1. When the AIC issued a registration certificate for the establishment of a Representative Office, the following recording procedures must be completed within a designated turnaround time, and depending on the industry and geography.
- Register the Building/Office of the company and the official seal to the Division of Exit & Entry of the Administration Field Office of Public Safety;
- Obtain from the Technical Supervision Bureau a certificate with the code number of the organization
- Register to the local and state tax authorities and obtain certificates;
- Representative Offices are subject to a number of different taxes, depending on the business plan and location. The effective tax rate is equivalent to 11% of spending in general.
- Register to the Bureau of Statistics and obtain a certificate;
- Register to the Administration of Foreign Exchange to create an account in foreign currency;
- Open a bank account.
2. Register to the customs administration to create a customs check.
3. Submit requests for working and residence permits for foreign representatives and for hiring employees locally through a placement agency licensed by the state.
Regarding the business activities restrictions imposed on representative offices, major offenses occurred in the past and these abuses have ensured that the authorities are more stringent about the settling down permissions and to issues related to compliance with these restrictions. Monitoring is governed by the AIC and the Office of Public Safety. The liaison office can expect to receive an on-site checking during the first three months of establishment.
1. Limited Capital Investment
Setting up a Representative Office in China is cost efficient, and so there is no actual minimum share capital required.
2. Marketing Operations
Representative Office are entitled to handle market research, sourcing, project investigation for the parent company abroad.
3. Local Faculty
Can hire limited number of local staff.
1.Narrow Business Operations
A Representative Office is limited in the nature of the business activities in which it can engage, cannot receive any fees for its service or engage in any profit-making activities.
2. Not Included Activities:
Employing staff directly. In other words, a Representative Office must use an authorized human resources agency to hire its staff.
- Providing services to any other organization than its head office
- Soliciting, concluding or signing business contracts with any customers
- Issuing invoice in China.
- Warehousing and managing inventory in China for trading purposes
- Other business trading activities (whether direct nor conducted on behalf of the foreign parent company)

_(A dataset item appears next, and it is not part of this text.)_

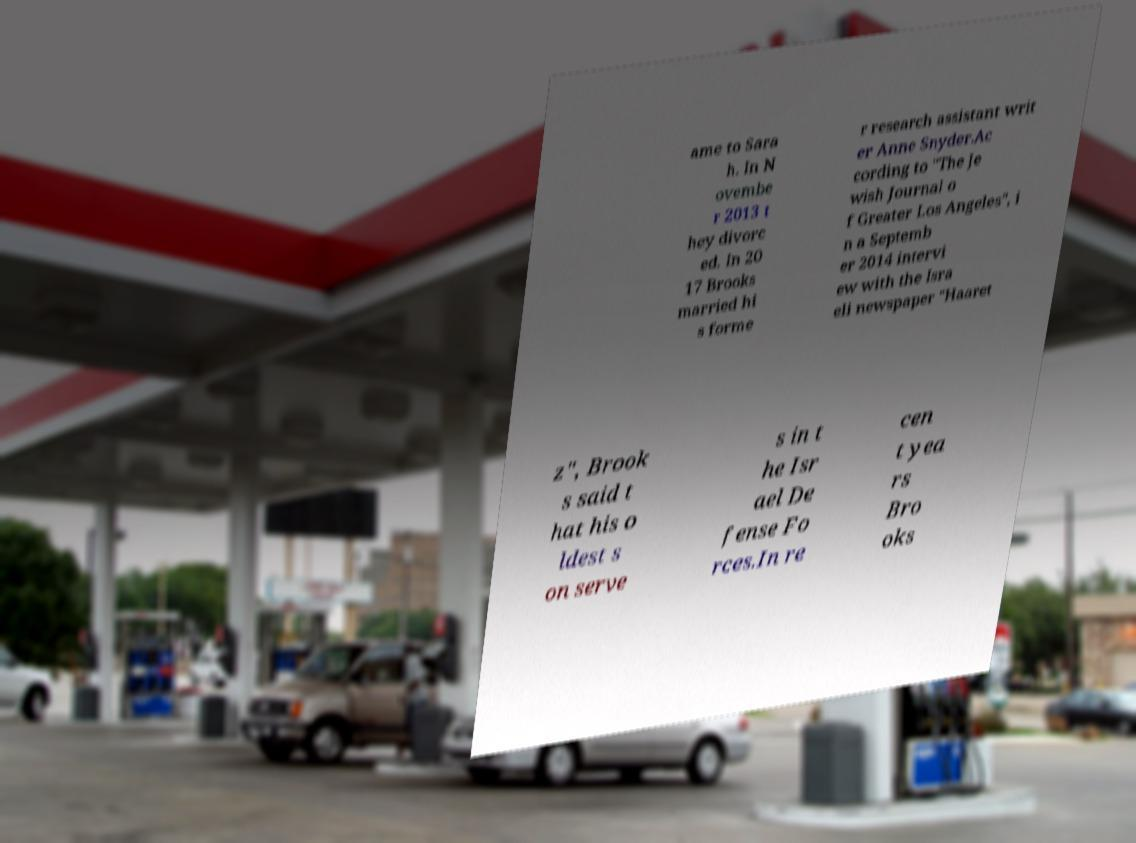Could you extract and type out the text from this image? ame to Sara h. In N ovembe r 2013 t hey divorc ed. In 20 17 Brooks married hi s forme r research assistant writ er Anne Snyder.Ac cording to "The Je wish Journal o f Greater Los Angeles", i n a Septemb er 2014 intervi ew with the Isra eli newspaper "Haaret z", Brook s said t hat his o ldest s on serve s in t he Isr ael De fense Fo rces.In re cen t yea rs Bro oks

- Any activities other than of a liaison nature (such as quality control services, installation
A Representative Office is certainly easier to open than a WFOE. The issue is that this entry mode to China carries a series of limitations. These restrictions can be inconvenient for the parent company, one major inconvenience is that the company cannot receive payment from Chinese clients; in other words, it cannot earn money in China nor perform after-sales services for a fee. Moreover, even if the company doesn’t have any profit, the Chinese government requires the payment of taxes, usually calculated as a percentage of the expenses.
One of the fastest and cheapest ways to enter China is the representative office. Companies sometimes take this method to test themselves in Asia’s giant, with the intention of switching to WFOE. Nevertheless, this approach has a big downside because you have to completely shut down the Representative Office and form a WFOE from the ground up, which will take time and lots of money.